# Security+ Certification



## tekaro

Just wondering whether anyone in here is Security+ certified as i have a few questions :wink: 

Is it worth while doing this certificate if you are planning to move into Computer Security field, how hard is it to get, how much does te exam cost etc etc ....

Any info on this topic is appreciated !!!


Greetings


----------



## Jason

If you are in the U.S. it will cost $237.00 for the test. The site doesn't say how much training materials are, but I'm sure there are classes for it. You can find trainers at http://certification.comptia.org/resources/find_providers.aspx and materials at http://certification.comptia.org/resources/find_materials.aspx


----------



## tekaro

danrak cheers for the info !!!!


----------



## Cellus

CompTIA Security+ is the logical first step to take in terms of certifications in the IT Security field. It covers all the basic of IT Security. You can even use it to obtain the security specializations for MCSA/MCSE.

The real "creme" of IT Security certifications is the CISSP (Certified Information Systems Security Professional), however that requires several years of experience in IT Security and Common Bodies of Knowledge (CBK).

CompTIA Security+ official page:

http://certification.comptia.org/security/

(ISC)2 CISSP oficial page:

https://www.isc2.org/cgi-bin/content.cgi?category=97


----------



## ITTracker

I have been searching for testing material. Would you know where I could find testing material for the Security +?


----------



## Cellus

There are a number of companies that distribute practice exams, flash cards, and so forth to use on your computer.

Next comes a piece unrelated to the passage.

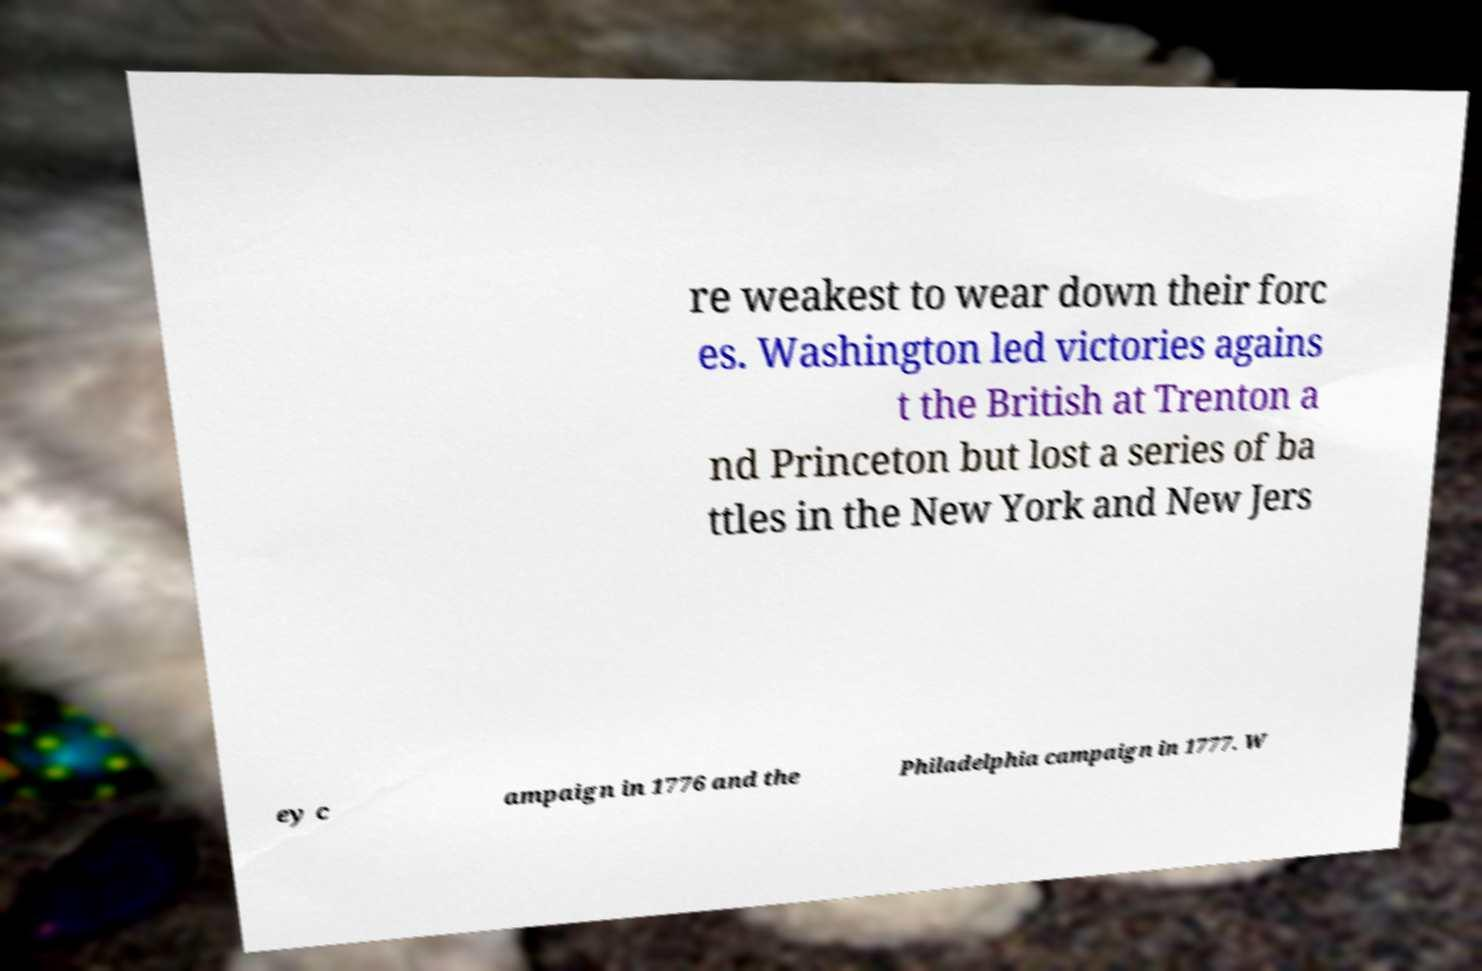For documentation purposes, I need the text within this image transcribed. Could you provide that? re weakest to wear down their forc es. Washington led victories agains t the British at Trenton a nd Princeton but lost a series of ba ttles in the New York and New Jers ey c ampaign in 1776 and the Philadelphia campaign in 1777. W

PrepLogic, Self Test, TestOut, Transcender, and Test King are a few examples.

Some textbooks also come with their own practice exams on the included CD (for example, the "Security+ Guide to Network Security Fundamentals - Second Edition" by Mark Ciampa from Thomson Course Technology comes with its own practice exams). If you have a Security+ textbook that is CompTIA Quality Authorized Curriculum and/or CSSIA Approved Courseware, you should be golden.

EDIT: Test King has recieved a bit of flak from Microsoft legally due to accusations of "brain dumping" (people write the exams and then "brain dump" the questions and answers to Test King, which is illegal as Microsoft exams require signing a NDA). The option is there, which is why I gave it, but you may want to refrain from using it. All the other exam vendors are fine.


----------



## ITTracker

I was looking for free exam questions and answers just to get an idea of what I should expect. 

Purchasing software from Exam Cram (Crammaster) always works for me but I'm wanting an ensurement that I would like to do it before I purchase the $99CD. Microsoft is out of the question because of the long questions with a simple answer. CCNA is out of the question for another 1 to 2 years. I'll stick to Comptia. 

Thanks for the information.


----------



## Cellus

Know your definitions, and expect "best answer" questions. Unlike the Microsoft exams, the general format for CompTIA exam questions tend to be direct and to the point instead of tender-footing around by spilling two paragraphs of useless information that has one sentence of worth.


----------